If the nasty workaround isn’t so small, but really does need replacing, then a much more concerted effort is needed. A plan needs to be carefully devised which allows slow piecemeal replacement. The point of the plan should be to take baby steps towards the end goal; each step should also leave the system in a stable state, because you never know when you might have to delay implementing any subsequent step. However, if everyone in the team knows the plan then the end goal can be achieved with minimum disruption to the business’s schedules.

2. Act like a trusted professional

I find trust and transparency is an increasing part of the software projects I’m involved with. Part of this is that the technical people want to give their customers options, and are keen to explain the pros and cons, so an informed decision can be made.

However, while this is usually excellent, there can be times when it is too much or undesirable. Stakeholders don’t necessarily want to be given options for every single thing, and sometimes it’s right for a technologist to make an executive decision without referring back — because they’re a professional, and because they are trusted (and employed) to be professional. In this regard it’s sometimes the responsibility of a technologist not even to entertain the possibility of a temporary workaround knowing it will become permanent.

The decisions I’ve been close to in this regard tend to be architecture or technology decisions. For example, in my current work we have, roughly speaking, legacy technologies and modern technologies.
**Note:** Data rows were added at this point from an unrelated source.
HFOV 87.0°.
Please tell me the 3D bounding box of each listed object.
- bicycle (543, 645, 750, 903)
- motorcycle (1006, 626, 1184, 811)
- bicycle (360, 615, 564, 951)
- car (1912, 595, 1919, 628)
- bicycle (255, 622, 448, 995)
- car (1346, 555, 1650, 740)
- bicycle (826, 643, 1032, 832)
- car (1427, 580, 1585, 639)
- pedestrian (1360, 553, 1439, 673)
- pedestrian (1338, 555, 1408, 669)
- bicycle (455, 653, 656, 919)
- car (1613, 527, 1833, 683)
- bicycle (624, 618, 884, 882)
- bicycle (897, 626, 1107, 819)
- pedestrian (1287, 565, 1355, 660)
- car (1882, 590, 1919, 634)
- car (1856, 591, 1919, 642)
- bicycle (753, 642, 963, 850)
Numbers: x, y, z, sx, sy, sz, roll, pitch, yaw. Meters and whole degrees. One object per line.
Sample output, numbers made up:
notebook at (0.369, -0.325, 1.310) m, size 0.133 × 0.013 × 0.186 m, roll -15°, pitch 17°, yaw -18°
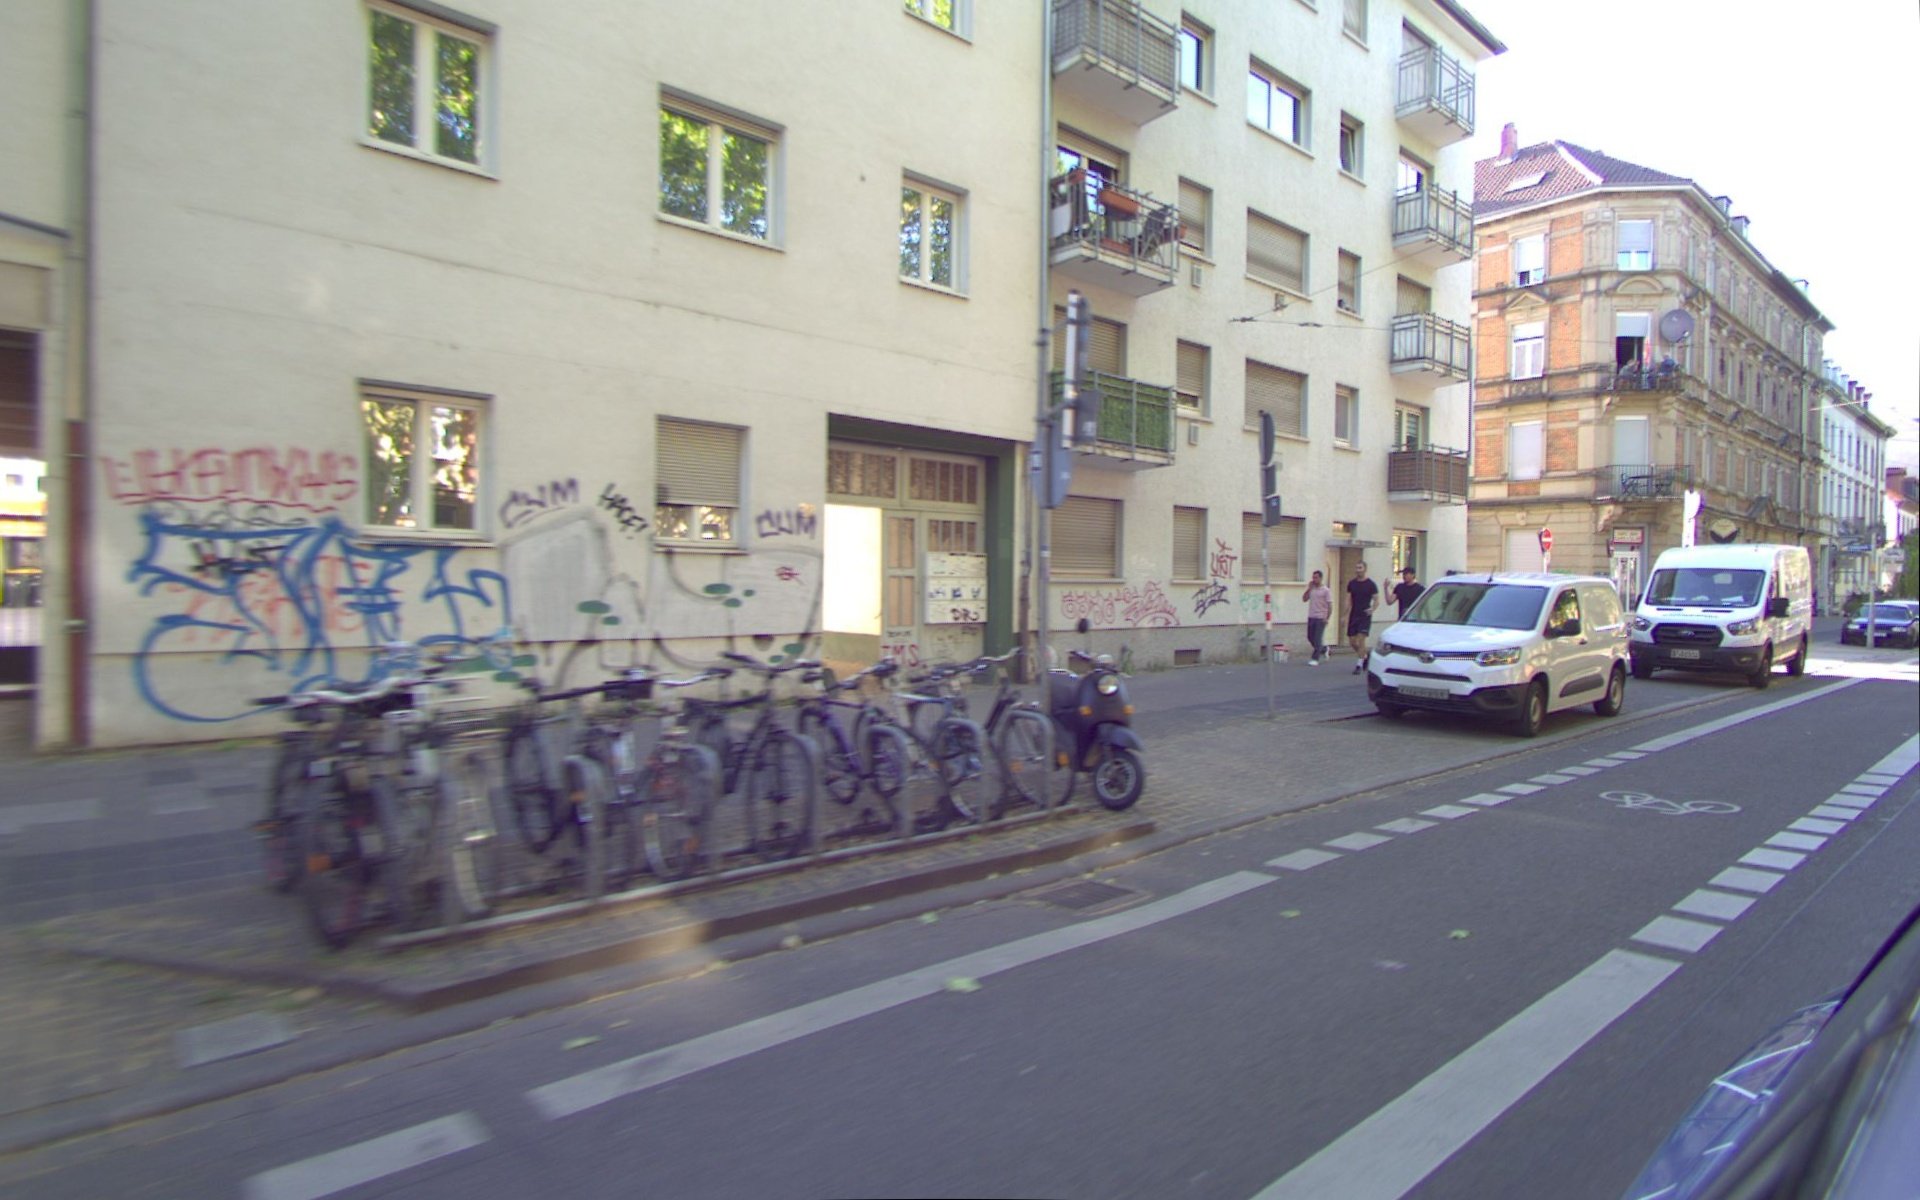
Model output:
bicycle at (-1.741, 0.841, 5.460) m, size 0.449 × 1.033 × 1.657 m, roll 0°, pitch 3°, yaw -40°
motorcycle at (0.943, 0.806, 7.609) m, size 0.604 × 1.093 × 1.829 m, roll 0°, pitch 2°, yaw -17°
bicycle at (-2.448, 0.743, 4.860) m, size 0.449 × 1.206 × 1.827 m, roll 0°, pitch 3°, yaw -40°
car at (39.405, 0.474, 40.377) m, size 3.660 × 1.288 × 1.652 m, roll -1°, pitch 4°, yaw -41°
bicycle at (-2.779, 0.776, 4.528) m, size 0.449 × 1.206 × 1.896 m, roll 0°, pitch 3°, yaw -40°
car at (6.789, 0.409, 12.584) m, size 4.276 × 1.841 × 1.863 m, roll -2°, pitch 6°, yaw -41°
bicycle at (-0.260, 0.850, 6.782) m, size 0.449 × 0.999 × 1.656 m, roll 0°, pitch 2°, yaw -40°
car at (15.725, 0.222, 29.264) m, size 1.759 × 1.593 × 3.657 m, roll 0°, pitch 1°, yaw -41°
pedestrian at (7.061, 0.183, 16.256) m, size 1.062 × 1.845 × 0.711 m, roll -1°, pitch 3°, yaw -39°
pedestrian at (6.964, 0.177, 17.059) m, size 1.062 × 1.845 × 0.626 m, roll -1°, pitch 3°, yaw -39°
bicycle at (-2.113, 0.848, 5.156) m, size 0.449 × 0.978 × 1.657 m, roll 0°, pitch 3°, yaw -40°
car at (14.617, 0.029, 19.218) m, size 5.982 × 2.526 × 2.153 m, roll -1°, pitch 1°, yaw -41°
bicycle at (-1.262, 0.756, 5.888) m, size 0.692 × 1.162 × 1.798 m, roll 0°, pitch 3°, yaw -40°
bicycle at (0.241, 0.784, 7.078) m, size 0.449 × 1.068 × 1.657 m, roll 0°, pitch 3°, yaw -40°
pedestrian at (6.480, 0.205, 18.159) m, size 0.916 × 1.598 × 0.634 m, roll -1°, pitch 7°, yaw -39°
car at (34.399, 0.403, 36.185) m, size 3.943 × 1.438 × 1.606 m, roll -1°, pitch 4°, yaw -41°
car at (30.304, 0.489, 32.650) m, size 3.991 × 1.438 × 1.652 m, roll -1°, pitch 4°, yaw -42°
bicycle at (-0.698, 0.846, 6.399) m, size 0.449 × 0.999 × 1.657 m, roll 0°, pitch 3°, yaw -40°

Sometimes a feature requirement would arise which is quicker to implement in the legacy technology — but of course we knew it would be more costly in the long run. If the difference in timescales was not wildly divergent then I’d encourage my team to choose the modern technology and not to offer up a choice. These days I need to do that much less, because by building up that base of modern technology it’s now easier to expand and extend that for future features. By making hard decisions in our professional capacity earlier on we’ve made it easier to make the right decisions in the future.

3. Bite the bullet

A third way to remove the temporary workaround is to just be honest about the work involved and the cost to the business. Easier said than done, but an open and frank discussion followed by adjustment and agreement will ensure the issue is examined properly and supported more widely.
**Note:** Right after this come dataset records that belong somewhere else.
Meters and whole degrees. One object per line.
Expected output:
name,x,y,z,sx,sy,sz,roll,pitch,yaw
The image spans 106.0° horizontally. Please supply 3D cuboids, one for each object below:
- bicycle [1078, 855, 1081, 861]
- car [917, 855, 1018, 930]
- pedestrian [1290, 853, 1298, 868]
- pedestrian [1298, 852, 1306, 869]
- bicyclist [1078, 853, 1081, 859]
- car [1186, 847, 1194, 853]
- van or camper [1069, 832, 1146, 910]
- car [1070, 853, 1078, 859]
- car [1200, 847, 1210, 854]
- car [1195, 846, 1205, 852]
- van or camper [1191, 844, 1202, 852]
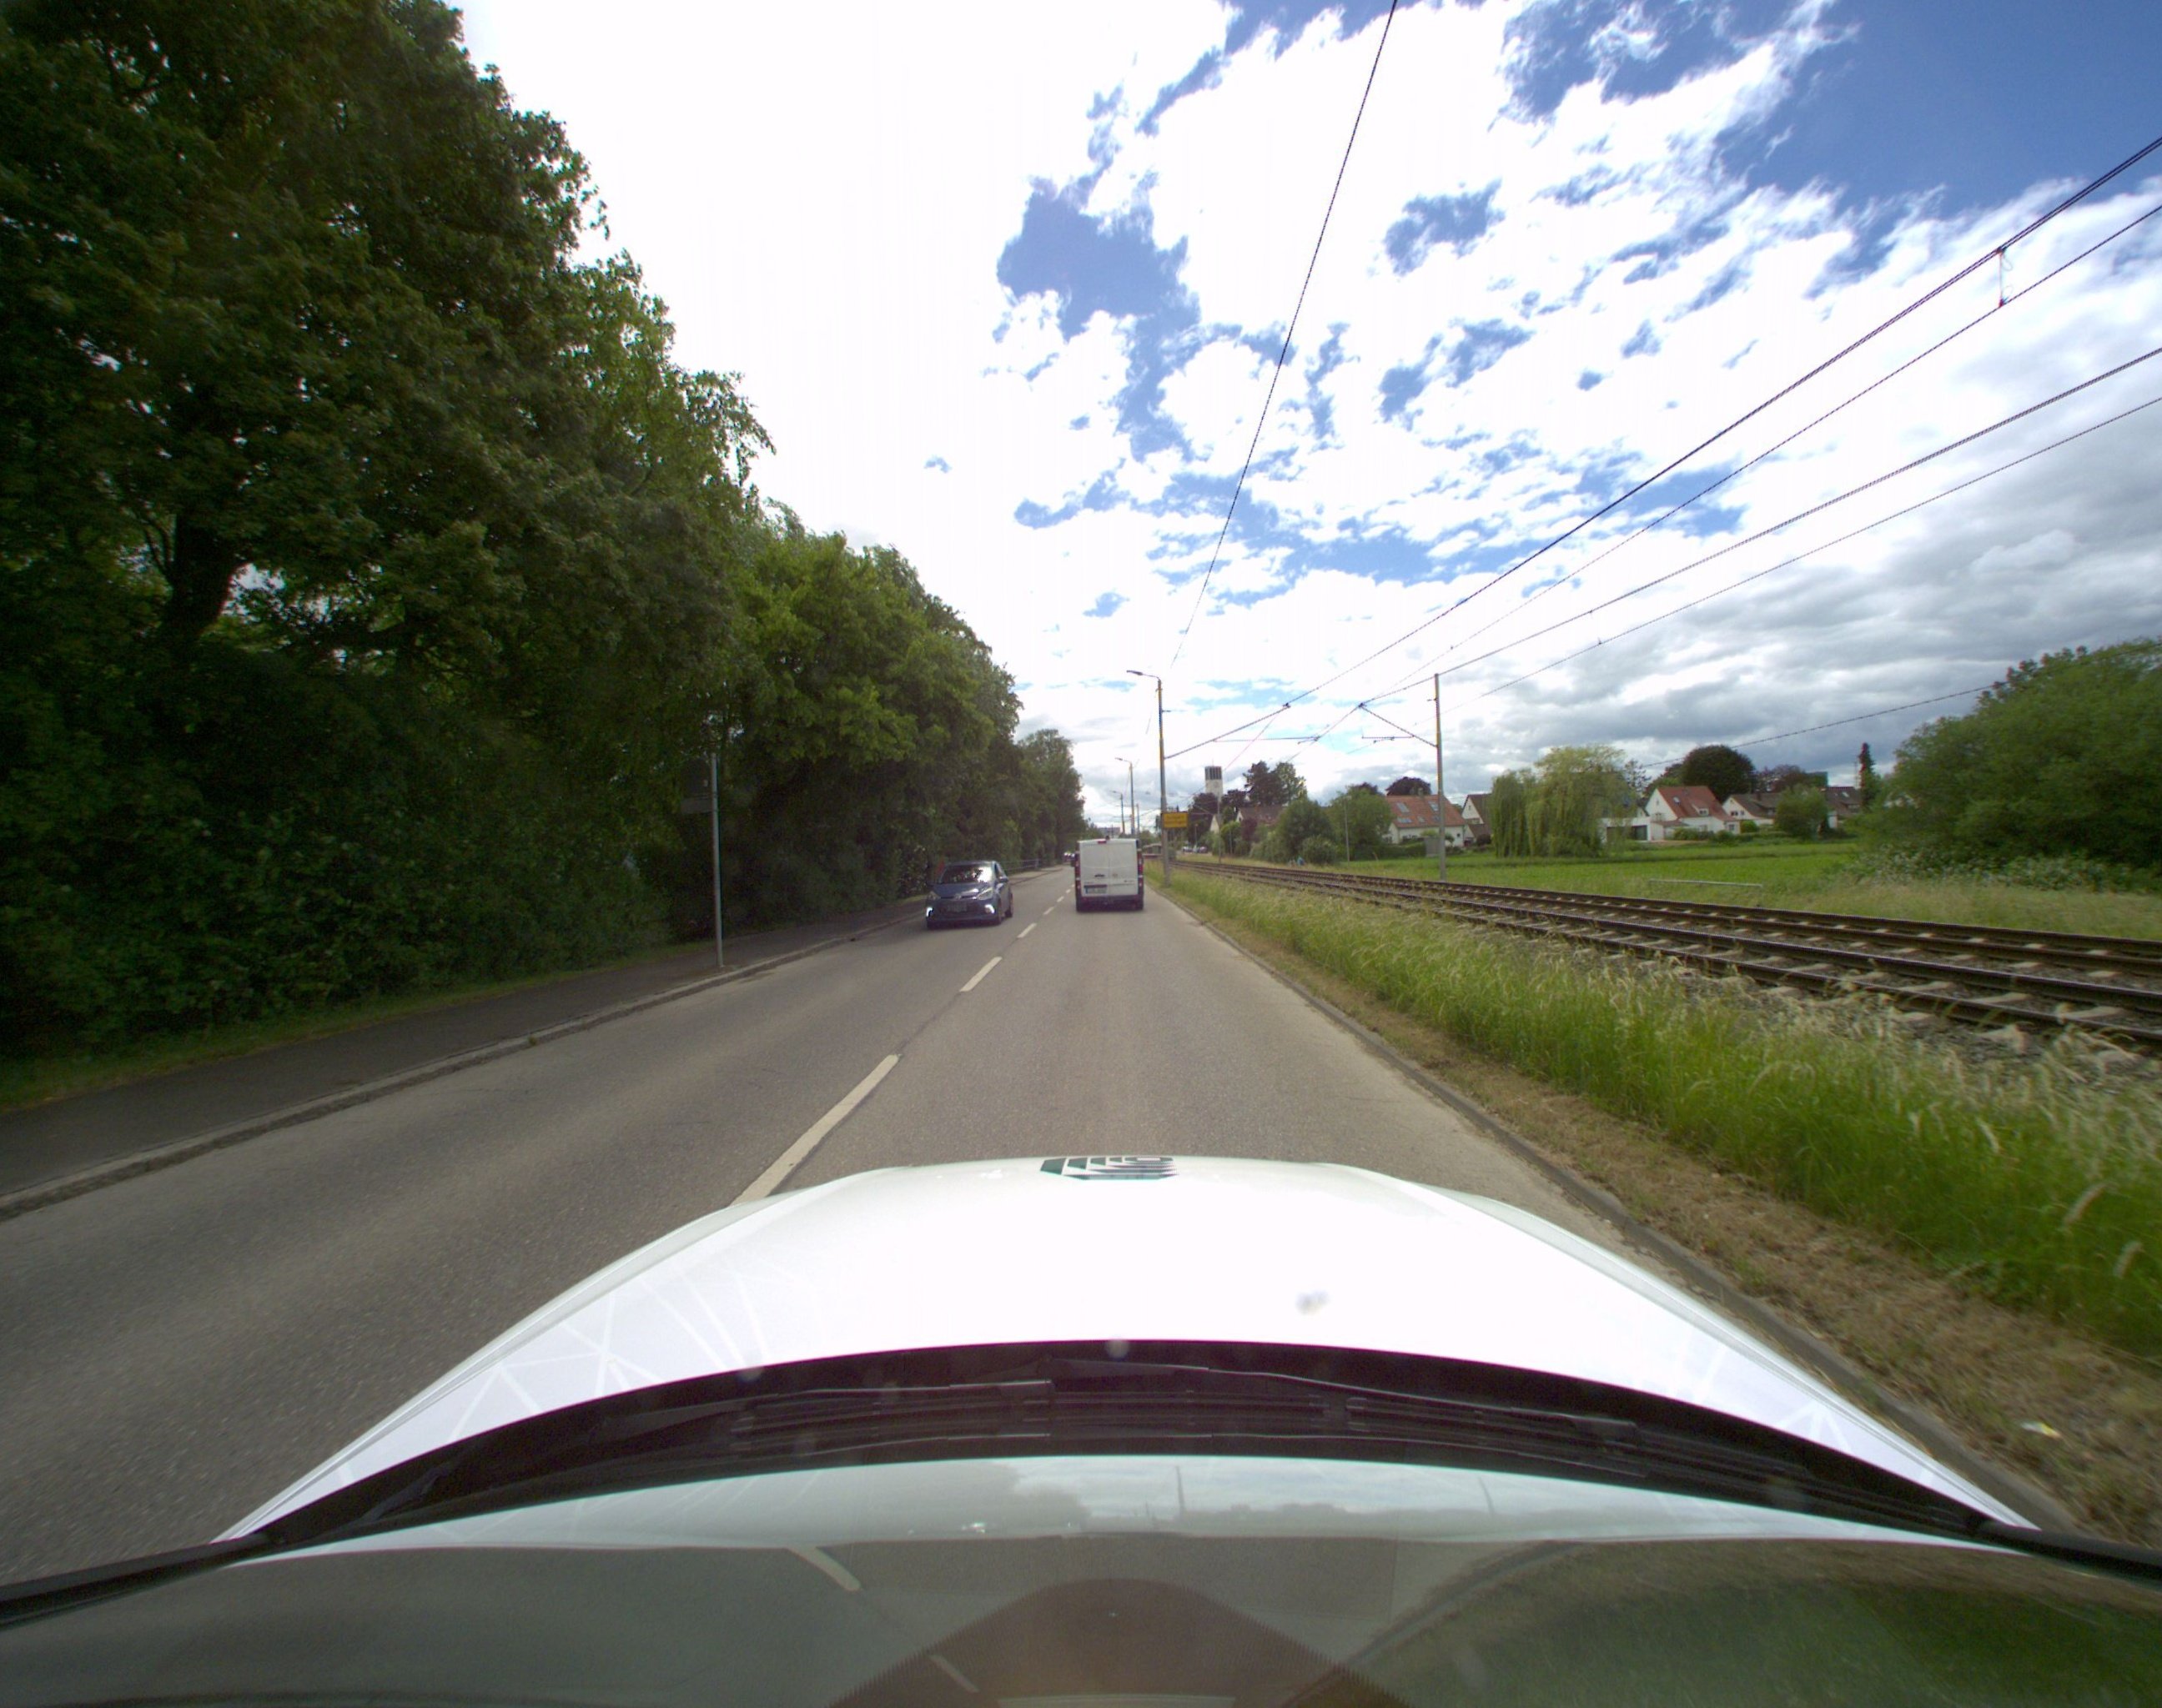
bicycle,-0.330,0.949,194.318,0.752,1.226,2.309,-4,0,1
car,-2.634,0.862,19.760,1.700,1.528,3.826,-4,0,2
pedestrian,20.438,0.654,77.974,0.595,1.430,0.667,-1,0,2
pedestrian,21.172,0.592,77.863,0.614,1.622,0.584,-1,0,1
bicyclist,-0.358,0.512,194.370,0.775,1.549,0.870,-3,0,1
car,29.665,-1.156,222.132,1.876,1.522,4.002,-3,0,2
van or camper,0.778,0.460,23.579,1.986,2.014,4.447,-1,0,2
car,-1.889,0.444,212.418,1.734,1.504,4.470,-4,0,-5
car,28.783,-0.750,189.574,1.876,1.522,4.002,-3,0,2
car,28.588,-1.223,195.711,1.876,1.522,4.002,-3,0,2
van or camper,28.407,-1.386,200.441,1.898,1.826,5.050,-3,0,2

One example I remember is a particularly troublesome database table. Originally conceived as an optimisation with a few hundred rows, it grew over time to be a real albatross, slowing both development and production work, and running to over 19 million rows. However, we couldn’t replace it without a lot of effort, because its tentacles were everywhere; we needed to schedule real time for it, and that would mean less time for other, more visible, work.

But when we presented the plan, two things sugared the pill. First, we had long cited the table as the reason for previous work taking longer than anyone would like, so the cost of its presence was already felt tangibly. Second, we ensured our plan was broken down using the “baby steps” approach outlined above — it would take a long time, but it would take out no more than 10% of our resources at any moment, and we could always suspend work for a period if absolutely necessary. The plan won support, was executed, and after several months our DBA typed the SQL “drop” command and we popped a bottle of champagne.

Meanwhile, back in the kitchen…

Of course, all that is assuming the temporary workaround really does need to be replaced. In my friends’ kitchen they are actually quite happy with the drawer dividers they’ve requisitioned as a spicerack. Aside from anything else, it provokes conversation and allows them to talk about their Azerbaijani builder’s many philosophies. He seems to have so many pithy sayings — all of which begin “As we say in Azerbaijan…” — that they’re beginning to suspect he may be making them up as he goes along. Still, if he does have to make a hasty exit from the building trade there may be an opening for him in the software industry.